» **What you have to do**
If a record holds a picture, leave the picture out and restate everything else word for word.

» **Input material**
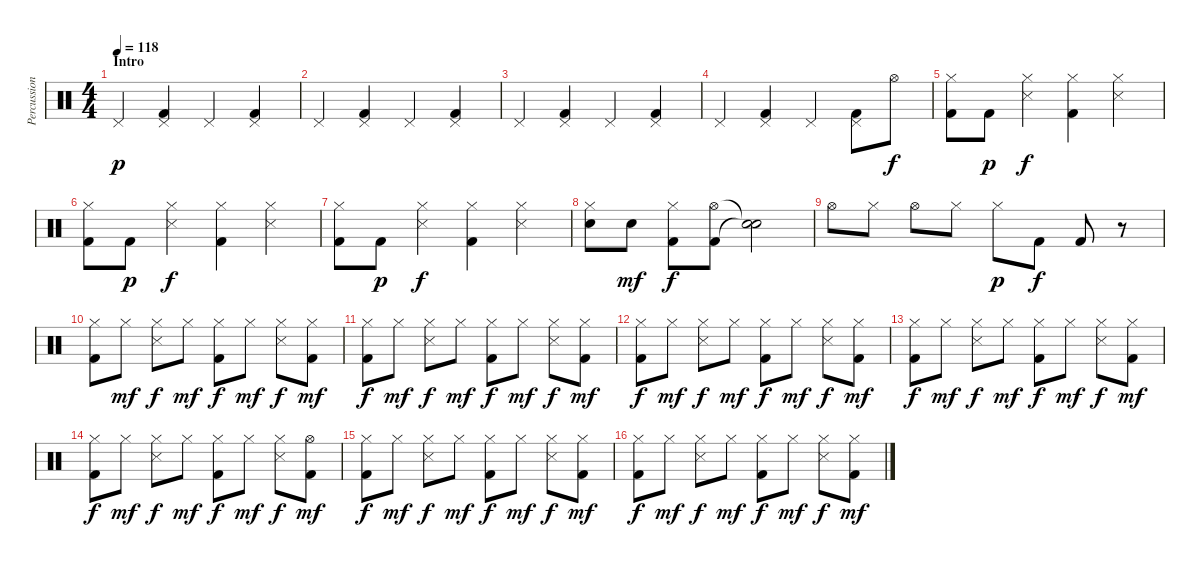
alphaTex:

\track ("Percussion" "Percussion") {instrument percussion}
\staff {score}
\articulation defaults
\ts (4 4)
\section ("" "Intro")
\tempo 118
\clef neutral
\ks c "Pedal Hi-Hat (hit)".4{dy p}
("Pedal Hi-Hat (hit)" "Kick (hit) 2").4 "Pedal Hi-Hat (hit)".4 ("Pedal Hi-Hat (hit)" "Kick (hit) 2").4 |
"Pedal Hi-Hat (hit)".4 ("Pedal Hi-Hat (hit)" "Kick (hit) 2").4 "Pedal Hi-Hat (hit)".4 ("Pedal Hi-Hat (hit)" "Kick (hit) 2").4 |
"Pedal Hi-Hat (hit)".4 ("Pedal Hi-Hat (hit)" "Kick (hit) 2").4 "Pedal Hi-Hat (hit)".4 ("Pedal Hi-Hat (hit)" "Kick (hit) 2").4 |
"Pedal Hi-Hat (hit)".4 ("Pedal Hi-Hat (hit)" "Kick (hit) 2").4 "Pedal Hi-Hat (hit)".4 ("Pedal Hi-Hat (hit)" "Kick (hit) 2").8 "Hi-Hat (open)".8{dy f} |
("Hi-Hat (closed)" "Kick (hit) 2").8 "Kick (hit) 2".8{dy p} ("Hi-Hat (closed)" "Snare (side stick) 3").4{dy f} ("Hi-Hat (closed)" "Kick (hit) 2").4 ("Hi-Hat (closed)" "Snare (side stick) 3").4 |
("Hi-Hat (closed)" "Kick (hit) 2").8 "Kick (hit) 2".8{dy p} ("Hi-Hat (closed)" "Snare (side stick) 3").4{dy f} ("Hi-Hat (closed)" "Kick (hit) 2").4 ("Hi-Hat (closed)" "Snare (side stick) 3").4 |
("Hi-Hat (closed)" "Kick (hit) 2").8 "Kick (hit) 2".8{dy p} ("Hi-Hat (closed)" "Snare (side stick) 3").4{dy f} ("Hi-Hat (closed)" "Kick (hit) 2").4 ("Hi-Hat (closed)" "Snare (side stick) 3").4 |
("Hi-Hat (closed)" "Electric Snare (hit)").8 "Electric Snare (hit)".8{dy mf} ("Hi-Hat (closed)" "Kick (hit) 2").8{dy f} ("Hi-Hat (open)" "Kick (hit) 2").8 ("Snare (hit)"{t} "Snare (hit)"{t}).2 |
"Hi-Hat (open)".8 "Hi-Hat (closed)".8 "Hi-Hat (open)".8 "Hi-Hat (closed)".8 "Hi-Hat (closed)".8{dy p} "Kick (hit) 2".8{dy f} "Kick (hit) 2".8 r.8 |
("Hi-Hat (closed)" "Kick (hit) 2").8 "Hi-Hat (closed)".8{dy mf} ("Hi-Hat (closed)" "Snare (side stick) 3").8{dy f} "Hi-Hat (closed)".8{dy mf} ("Hi-Hat (closed)" "Kick (hit) 2").8{dy f} "Hi-Hat (closed)".8{dy mf} ("Hi-Hat (closed)" "Snare (side stick) 3").8{dy f} ("Hi-Hat (closed)" "Kick (hit) 2").8{dy mf} |
("Hi-Hat (closed)" "Kick (hit) 2").8{dy f} "Hi-Hat (closed)".8{dy mf} ("Hi-Hat (closed)" "Snare (side stick) 3").8{dy f} "Hi-Hat (closed)".8{dy mf} ("Hi-Hat (closed)" "Kick (hit) 2").8{dy f} "Hi-Hat (closed)".8{dy mf} ("Hi-Hat (closed)" "Snare (side stick) 3").8{dy f} ("Hi-Hat (closed)" "Kick (hit) 2").8{dy mf} |
("Hi-Hat (closed)" "Kick (hit) 2").8{dy f} "Hi-Hat (closed)".8{dy mf} ("Hi-Hat (closed)" "Snare (side stick) 3").8{dy f} "Hi-Hat (closed)".8{dy mf} ("Hi-Hat (closed)" "Kick (hit) 2").8{dy f} "Hi-Hat (closed)".8{dy mf} ("Hi-Hat (closed)" "Snare (side stick) 3").8{dy f} ("Hi-Hat (closed)" "Kick (hit) 2").8{dy mf} |
("Hi-Hat (closed)" "Kick (hit) 2").8{dy f} "Hi-Hat (closed)".8{dy mf} ("Hi-Hat (closed)" "Snare (side stick) 3").8{dy f} "Hi-Hat (closed)".8{dy mf} ("Hi-Hat (closed)" "Kick (hit) 2").8{dy f} "Hi-Hat (closed)".8{dy mf} ("Hi-Hat (closed)" "Snare (side stick) 3").8{dy f} ("Hi-Hat (closed)" "Kick (hit) 2").8{dy mf} |
("Hi-Hat (closed)" "Kick (hit) 2").8{dy f} "Hi-Hat (closed)".8{dy mf} ("Hi-Hat (closed)" "Snare (side stick) 3").8{dy f} "Hi-Hat (closed)".8{dy mf} ("Hi-Hat (closed)" "Kick (hit) 2").8{dy f} "Hi-Hat (closed)".8{dy mf} ("Hi-Hat (closed)" "Snare (side stick) 3").8{dy f} ("Hi-Hat (open)" "Kick (hit) 2").8{dy mf} |
("Hi-Hat (closed)" "Kick (hit) 2").8{dy f} "Hi-Hat (closed)".8{dy mf} ("Hi-Hat (closed)" "Snare (side stick) 3").8{dy f} "Hi-Hat (closed)".8{dy mf} ("Hi-Hat (closed)" "Kick (hit) 2").8{dy f} "Hi-Hat (closed)".8{dy mf} ("Hi-Hat (closed)" "Snare (side stick) 3").8{dy f} ("Hi-Hat (closed)" "Kick (hit) 2").8{dy mf} |
("Hi-Hat (closed)" "Kick (hit) 2").8{dy f} "Hi-Hat (closed)".8{dy mf} ("Hi-Hat (closed)" "Snare (side stick) 3").8{dy f} "Hi-Hat (closed)".8{dy mf} ("Hi-Hat (closed)" "Kick (hit) 2").8{dy f} "Hi-Hat (closed)".8{dy mf} ("Hi-Hat (closed)" "Snare (side stick) 3").8{dy f} ("Hi-Hat (closed)" "Kick (hit) 2").8{dy mf}

» **Answer to this problem**
alphaTex:

\track ("Percussion" "Percussion") {instrument percussion}
\staff {score}
\articulation defaults
\ts (4 4)
\section ("" "Intro")
\tempo 118
\clef neutral
\ks c "Pedal Hi-Hat (hit)".4{dy p}
("Pedal Hi-Hat (hit)" "Kick (hit) 2").4 "Pedal Hi-Hat (hit)".4 ("Pedal Hi-Hat (hit)" "Kick (hit) 2").4 |
"Pedal Hi-Hat (hit)".4 ("Pedal Hi-Hat (hit)" "Kick (hit) 2").4 "Pedal Hi-Hat (hit)".4 ("Pedal Hi-Hat (hit)" "Kick (hit) 2").4 |
"Pedal Hi-Hat (hit)".4 ("Pedal Hi-Hat (hit)" "Kick (hit) 2").4 "Pedal Hi-Hat (hit)".4 ("Pedal Hi-Hat (hit)" "Kick (hit) 2").4 |
"Pedal Hi-Hat (hit)".4 ("Pedal Hi-Hat (hit)" "Kick (hit) 2").4 "Pedal Hi-Hat (hit)".4 ("Pedal Hi-Hat (hit)" "Kick (hit) 2").8 "Hi-Hat (open)".8{dy f} |
("Hi-Hat (closed)" "Kick (hit) 2").8 "Kick (hit) 2".8{dy p} ("Hi-Hat (closed)" "Snare (side stick) 3").4{dy f} ("Hi-Hat (closed)" "Kick (hit) 2").4 ("Hi-Hat (closed)" "Snare (side stick) 3").4 |
("Hi-Hat (closed)" "Kick (hit) 2").8 "Kick (hit) 2".8{dy p} ("Hi-Hat (closed)" "Snare (side stick) 3").4{dy f} ("Hi-Hat (closed)" "Kick (hit) 2").4 ("Hi-Hat (closed)" "Snare (side stick) 3").4 |
("Hi-Hat (closed)" "Kick (hit) 2").8 "Kick (hit) 2".8{dy p} ("Hi-Hat (closed)" "Snare (side stick) 3").4{dy f} ("Hi-Hat (closed)" "Kick (hit) 2").4 ("Hi-Hat (closed)" "Snare (side stick) 3").4 |
("Hi-Hat (closed)" "Electric Snare (hit)").8 "Electric Snare (hit)".8{dy mf} ("Hi-Hat (closed)" "Kick (hit) 2").8{dy f} ("Hi-Hat (open)" "Kick (hit) 2").8 ("Snare (hit)"{t} "Snare (hit)"{t}).2 |
"Hi-Hat (open)".8 "Hi-Hat (closed)".8 "Hi-Hat (open)".8 "Hi-Hat (closed)".8 "Hi-Hat (closed)".8{dy p} "Kick (hit) 2".8{dy f} "Kick (hit) 2".8 r.8 |
("Hi-Hat (closed)" "Kick (hit) 2").8 "Hi-Hat (closed)".8{dy mf} ("Hi-Hat (closed)" "Snare (side stick) 3").8{dy f} "Hi-Hat (closed)".8{dy mf} ("Hi-Hat (closed)" "Kick (hit) 2").8{dy f} "Hi-Hat (closed)".8{dy mf} ("Hi-Hat (closed)" "Snare (side stick) 3").8{dy f} ("Hi-Hat (closed)" "Kick (hit) 2").8{dy mf} |
("Hi-Hat (closed)" "Kick (hit) 2").8{dy f} "Hi-Hat (closed)".8{dy mf} ("Hi-Hat (closed)" "Snare (side stick) 3").8{dy f} "Hi-Hat (closed)".8{dy mf} ("Hi-Hat (closed)" "Kick (hit) 2").8{dy f} "Hi-Hat (closed)".8{dy mf} ("Hi-Hat (closed)" "Snare (side stick) 3").8{dy f} ("Hi-Hat (closed)" "Kick (hit) 2").8{dy mf} |
("Hi-Hat (closed)" "Kick (hit) 2").8{dy f} "Hi-Hat (closed)".8{dy mf} ("Hi-Hat (closed)" "Snare (side stick) 3").8{dy f} "Hi-Hat (closed)".8{dy mf} ("Hi-Hat (closed)" "Kick (hit) 2").8{dy f} "Hi-Hat (closed)".8{dy mf} ("Hi-Hat (closed)" "Snare (side stick) 3").8{dy f} ("Hi-Hat (closed)" "Kick (hit) 2").8{dy mf} |
("Hi-Hat (closed)" "Kick (hit) 2").8{dy f} "Hi-Hat (closed)".8{dy mf} ("Hi-Hat (closed)" "Snare (side stick) 3").8{dy f} "Hi-Hat (closed)".8{dy mf} ("Hi-Hat (closed)" "Kick (hit) 2").8{dy f} "Hi-Hat (closed)".8{dy mf} ("Hi-Hat (closed)" "Snare (side stick) 3").8{dy f} ("Hi-Hat (closed)" "Kick (hit) 2").8{dy mf} |
("Hi-Hat (closed)" "Kick (hit) 2").8{dy f} "Hi-Hat (closed)".8{dy mf} ("Hi-Hat (closed)" "Snare (side stick) 3").8{dy f} "Hi-Hat (closed)".8{dy mf} ("Hi-Hat (closed)" "Kick (hit) 2").8{dy f} "Hi-Hat (closed)".8{dy mf} ("Hi-Hat (closed)" "Snare (side stick) 3").8{dy f} ("Hi-Hat (open)" "Kick (hit) 2").8{dy mf} |
("Hi-Hat (closed)" "Kick (hit) 2").8{dy f} "Hi-Hat (closed)".8{dy mf} ("Hi-Hat (closed)" "Snare (side stick) 3").8{dy f} "Hi-Hat (closed)".8{dy mf} ("Hi-Hat (closed)" "Kick (hit) 2").8{dy f} "Hi-Hat (closed)".8{dy mf} ("Hi-Hat (closed)" "Snare (side stick) 3").8{dy f} ("Hi-Hat (closed)" "Kick (hit) 2").8{dy mf} |
("Hi-Hat (closed)" "Kick (hit) 2").8{dy f} "Hi-Hat (closed)".8{dy mf} ("Hi-Hat (closed)" "Snare (side stick) 3").8{dy f} "Hi-Hat (closed)".8{dy mf} ("Hi-Hat (closed)" "Kick (hit) 2").8{dy f} "Hi-Hat (closed)".8{dy mf} ("Hi-Hat (closed)" "Snare (side stick) 3").8{dy f} ("Hi-Hat (closed)" "Kick (hit) 2").8{dy mf}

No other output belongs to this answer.